Esta é a educação ideal pela qual temos nos esforçado o tempo todo. A educação é um crescimento da mente e da personalidade. Mas assim como o jardim precisa de um jardineiro, o aluno também precisa de um professor. O jardineiro não pode fazer mais do que sachar, carpir e regar. O facto de haver flores e frutos depende das qualidades inerentes das próprias plantas. Na sociedade democrática, reconhecemos esses fundamentos da educação.

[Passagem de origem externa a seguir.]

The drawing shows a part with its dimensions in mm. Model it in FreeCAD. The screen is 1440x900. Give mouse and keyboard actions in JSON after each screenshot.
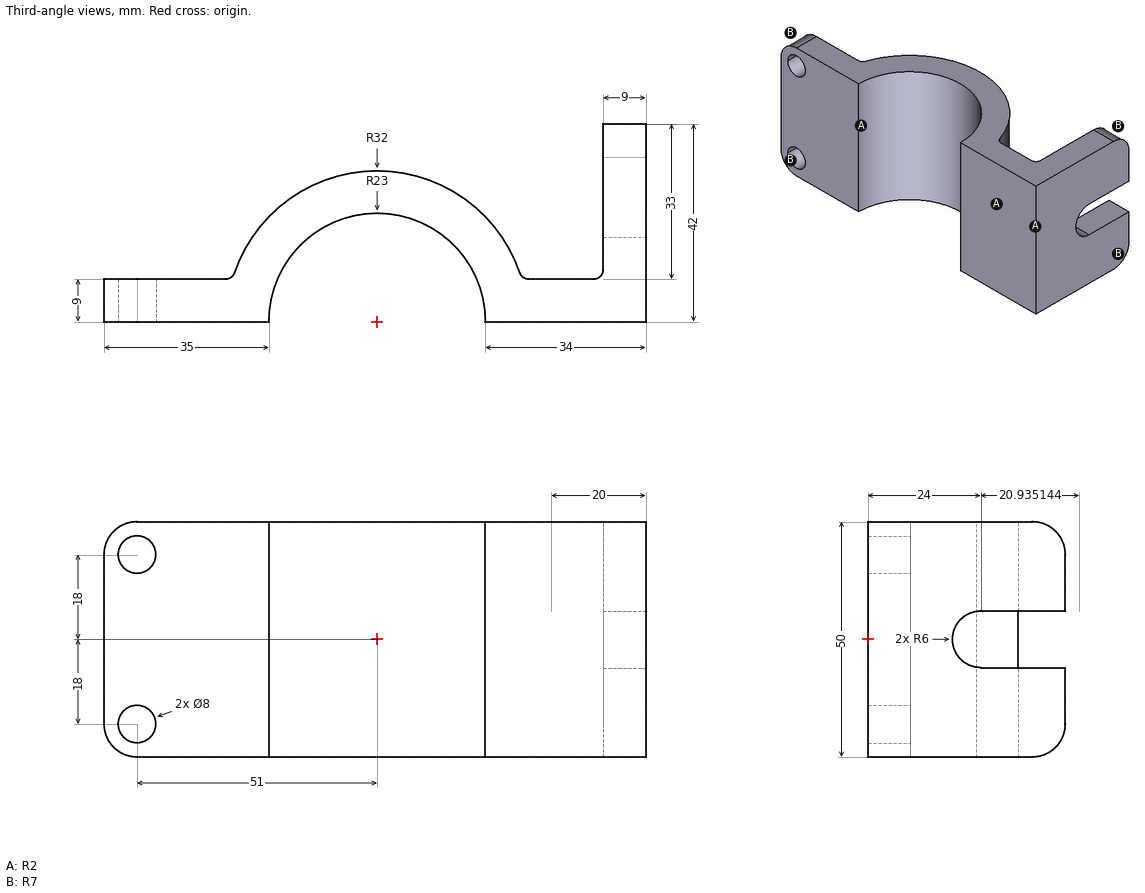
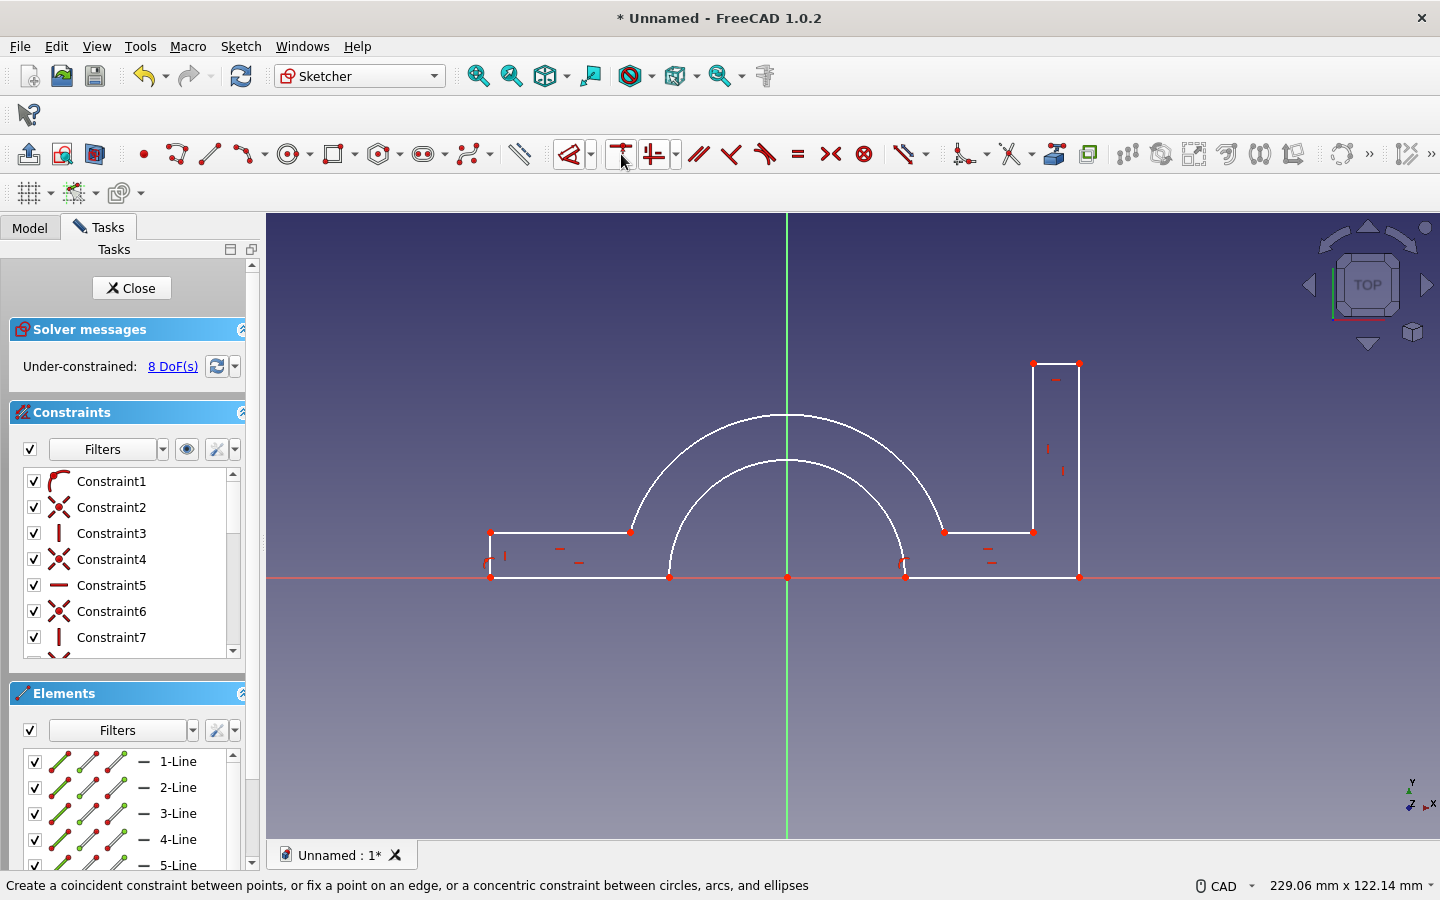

Ultimamente eles têm sido chamados de progressistas. No entanto, sabemos que são muito antigos. Nós encontramos essa pratica em todos os professores dignos desse nome.

2. O Buda, portanto, ao manter a sua própria pessoa em segundo plano, centrou a atenção no Dhamma. Ele estabeleceu o Dhamma como um sinal de estrada no caminho, que pode ser seguido ou não, que está lá, quer milhares passem por aí ou apenas alguns. Nenhum viajante é obrigado a lê-lo e se beneficiar da sua mensagem. Claro, ele fará isso para o seu próprio benefício. Da mesma forma, as Quatro Nobres Verdades existem para serem aceites ou rejeitadas conforme a escolha. O Nobre Caminho Óctuplo existe, objetivamente, uma vez que foi anunciado. Mas é, por assim dizer, independente do seu autor.

O Buda evitou tão completamente o culto à personalidade, que os primeiros séculos da história budista aludem a ele apenas em símbolos – na roda, na coluna, na árvore, no trono vazio, de modo que o simbolismo passou a representar o Buda, bem como a ideia que ele proclamou. O Buda, portanto, era um líder no sentido de um explorador cuja descoberta qualquer um pode imitar, uma vez dadas as pistas. A sua liderança continua, mas ele é um líder gentil, não montado num cavalo empinado, mas sentado, em pé, ou caminhando; não com gestos de aceno ou ameaçadores, mas com gestos que são lembretes dos seus ensinamentos e do seu caminho de amor, que nos lembram que foi gentil e iluminado por uma luz interior.

3. O Oriente respeita o professor. Assim, mostra que o conhecimento e a sabedoria são valorizados acima da posição e da riqueza. Por uma questão de conhecimento, o Príncipe Siddhartha saiu de casa; para expor a sabedoria que havia adquirido, ele renunciou a tudo. É uma prática louvável do povo tailandês fazer com que os seus filhos passem pelo menos três meses das suas vidas imitando o Buda, renunciando aos prazeres, riquezas e todos os apegos, usando o manto amarelo. Assim, pelo menos uma vez na vida, o indivíduo percebe que com humildade a sabedoria cresce, e o insight, se não a iluminação, vem com o desapego.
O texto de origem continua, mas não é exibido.